DAGAARI, Somalia — The global food crisis has arrived at Safia Ali’s hut.

She cannot afford rice or wheat or powdered milk anymore.

At the same time, a drought has decimated her family’s herd of goats, turning their sole livelihood into a pile of bleached bones and papery skin.

The result is that Ms. Safia, a 25-year-old mother of five, has not eaten in a week. Her 1-year-old son is starving too, an adorable, listless boy who doesn’t even respond to a pinch.

Somalia — and much of the volatile Horn of Africa, for that matter — was about the last place on earth that needed a food crisis. Even before commodity prices started shooting up around the globe, civil war, displacement and imperiled aid operations had pushed many people here to the brink of famine.

But now with food costs spiraling out of reach and the livestock that people live off of dropping dead in the sand, villagers across this sun-blasted landscape say hundreds of people are dying of hunger and thirst.

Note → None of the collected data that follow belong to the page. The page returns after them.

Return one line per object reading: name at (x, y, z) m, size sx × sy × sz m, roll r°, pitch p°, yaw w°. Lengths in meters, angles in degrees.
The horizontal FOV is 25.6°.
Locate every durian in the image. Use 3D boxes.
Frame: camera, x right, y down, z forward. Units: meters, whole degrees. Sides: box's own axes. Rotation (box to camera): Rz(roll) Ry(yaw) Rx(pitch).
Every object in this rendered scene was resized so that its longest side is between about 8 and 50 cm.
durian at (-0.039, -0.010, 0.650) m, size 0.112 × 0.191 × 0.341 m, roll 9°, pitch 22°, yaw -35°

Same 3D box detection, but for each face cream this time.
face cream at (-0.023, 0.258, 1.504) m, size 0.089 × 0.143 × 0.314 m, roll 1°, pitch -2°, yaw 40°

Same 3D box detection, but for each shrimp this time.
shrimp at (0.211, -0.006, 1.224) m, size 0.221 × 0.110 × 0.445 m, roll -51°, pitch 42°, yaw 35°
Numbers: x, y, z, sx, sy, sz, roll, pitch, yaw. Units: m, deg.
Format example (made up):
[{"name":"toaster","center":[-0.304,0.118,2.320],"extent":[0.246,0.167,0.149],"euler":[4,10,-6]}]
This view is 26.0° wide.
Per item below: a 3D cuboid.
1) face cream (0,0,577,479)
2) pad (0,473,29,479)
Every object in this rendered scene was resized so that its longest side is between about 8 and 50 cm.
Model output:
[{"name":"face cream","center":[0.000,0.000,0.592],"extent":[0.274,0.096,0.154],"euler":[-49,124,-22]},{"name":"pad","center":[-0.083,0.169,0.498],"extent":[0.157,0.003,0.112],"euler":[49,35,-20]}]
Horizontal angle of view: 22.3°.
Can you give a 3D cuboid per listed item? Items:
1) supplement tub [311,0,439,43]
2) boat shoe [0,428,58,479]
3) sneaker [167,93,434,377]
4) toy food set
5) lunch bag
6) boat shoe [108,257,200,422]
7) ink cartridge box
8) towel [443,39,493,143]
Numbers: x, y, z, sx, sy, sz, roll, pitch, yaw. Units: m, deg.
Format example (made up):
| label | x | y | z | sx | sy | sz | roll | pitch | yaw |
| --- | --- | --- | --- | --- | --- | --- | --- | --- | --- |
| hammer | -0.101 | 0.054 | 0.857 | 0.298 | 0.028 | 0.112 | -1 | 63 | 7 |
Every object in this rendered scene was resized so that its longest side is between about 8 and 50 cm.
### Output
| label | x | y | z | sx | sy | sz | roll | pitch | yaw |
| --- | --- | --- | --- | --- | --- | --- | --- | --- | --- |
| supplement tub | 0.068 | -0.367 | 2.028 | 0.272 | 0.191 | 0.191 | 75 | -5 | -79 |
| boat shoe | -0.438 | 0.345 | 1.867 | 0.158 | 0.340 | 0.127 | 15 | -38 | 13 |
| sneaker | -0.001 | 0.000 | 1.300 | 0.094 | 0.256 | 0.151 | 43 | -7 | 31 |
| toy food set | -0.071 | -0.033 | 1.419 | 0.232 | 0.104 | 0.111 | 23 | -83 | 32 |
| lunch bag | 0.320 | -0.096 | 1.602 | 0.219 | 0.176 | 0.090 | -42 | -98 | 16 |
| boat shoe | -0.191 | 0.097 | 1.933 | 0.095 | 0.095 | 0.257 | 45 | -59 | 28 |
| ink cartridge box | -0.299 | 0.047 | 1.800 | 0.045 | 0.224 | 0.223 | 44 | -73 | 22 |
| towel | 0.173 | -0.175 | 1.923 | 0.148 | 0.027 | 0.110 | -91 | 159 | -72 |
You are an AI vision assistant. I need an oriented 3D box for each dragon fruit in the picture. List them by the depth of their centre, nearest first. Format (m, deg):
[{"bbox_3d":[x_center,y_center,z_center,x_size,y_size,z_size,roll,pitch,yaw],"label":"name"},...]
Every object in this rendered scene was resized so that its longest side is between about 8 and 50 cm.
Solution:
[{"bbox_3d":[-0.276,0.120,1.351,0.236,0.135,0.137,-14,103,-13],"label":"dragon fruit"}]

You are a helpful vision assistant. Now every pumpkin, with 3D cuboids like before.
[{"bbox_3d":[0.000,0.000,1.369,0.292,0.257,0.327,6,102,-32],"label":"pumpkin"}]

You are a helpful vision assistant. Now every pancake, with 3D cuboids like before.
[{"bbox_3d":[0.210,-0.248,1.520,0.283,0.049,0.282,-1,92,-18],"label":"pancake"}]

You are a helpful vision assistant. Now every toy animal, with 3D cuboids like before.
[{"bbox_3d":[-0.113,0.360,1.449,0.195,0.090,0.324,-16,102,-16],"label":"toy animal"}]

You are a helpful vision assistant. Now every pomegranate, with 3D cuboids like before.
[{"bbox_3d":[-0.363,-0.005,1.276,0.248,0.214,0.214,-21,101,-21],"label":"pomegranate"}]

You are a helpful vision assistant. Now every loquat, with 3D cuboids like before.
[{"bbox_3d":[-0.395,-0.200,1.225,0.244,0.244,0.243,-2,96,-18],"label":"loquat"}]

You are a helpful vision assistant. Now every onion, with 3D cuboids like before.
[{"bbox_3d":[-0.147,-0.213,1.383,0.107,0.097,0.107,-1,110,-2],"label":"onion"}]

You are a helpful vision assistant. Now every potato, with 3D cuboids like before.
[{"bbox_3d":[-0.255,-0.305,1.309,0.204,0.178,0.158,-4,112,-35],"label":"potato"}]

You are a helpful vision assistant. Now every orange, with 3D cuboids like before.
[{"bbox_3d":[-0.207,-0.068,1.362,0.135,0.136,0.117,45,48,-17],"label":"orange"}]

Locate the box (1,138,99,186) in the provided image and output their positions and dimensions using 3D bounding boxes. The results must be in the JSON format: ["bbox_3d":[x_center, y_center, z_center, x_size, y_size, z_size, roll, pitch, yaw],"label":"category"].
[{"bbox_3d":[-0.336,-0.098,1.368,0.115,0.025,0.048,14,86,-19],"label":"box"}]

This is what happens, economists say, when the global food crisis meets local chaos.

“We’re really in the perfect storm,” said Jeffrey D. Sachs, a Columbia economist and top United Nations adviser, who recently visited neighboring Kenya.

There has been a collision of troubles throughout the region: skimpy rainfall, disastrous harvests, soaring food prices, dying livestock, escalating violence, out-of-control inflation, and shrinking food aid because of many of these factors.

Across the border in Ethiopia, in the war-racked Ogaden region, the situation sounds just as dire. In Darfur, the United Nations has had to cut food rations because of a rise in banditry that endangers aid deliveries. Kenya is looking vulnerable, too.

A recent headline in one of Kenya’s leading newspapers blared, “25,000 villagers risk starving,” referring to a combination of drought, higher fertilizer and fuel costs and postelection violence that displaced thousands of farmers. “These places aren’t on the brink,” Mr. Sachs said. “They’ve gone over the cliff.”

Many Somalis are trying to stave off starvation with a thin gruel made from mashed thorn-tree branches called jerrin. Some village elders said their children were chewing on their own lips and tongues because they had no food. The weather has been merciless — intensely hot days, followed by cruelly clear nights.

This week, Saida Mohamed Afrah, another emaciated mother, left her two children under a tree and went scavenging for food and water. When she came back two hours later, her children were dead.

She had little to say about the drought. “I just wish my children had died in my lap,” she said.

The United Nations has declared a wide swath of central Somalia a humanitarian emergency, the final stage before a full-blown famine. But Christian Balslev-Olesen, the head of Unicef operations in Somalia, said the situation was likely to become a famine in the coming weeks.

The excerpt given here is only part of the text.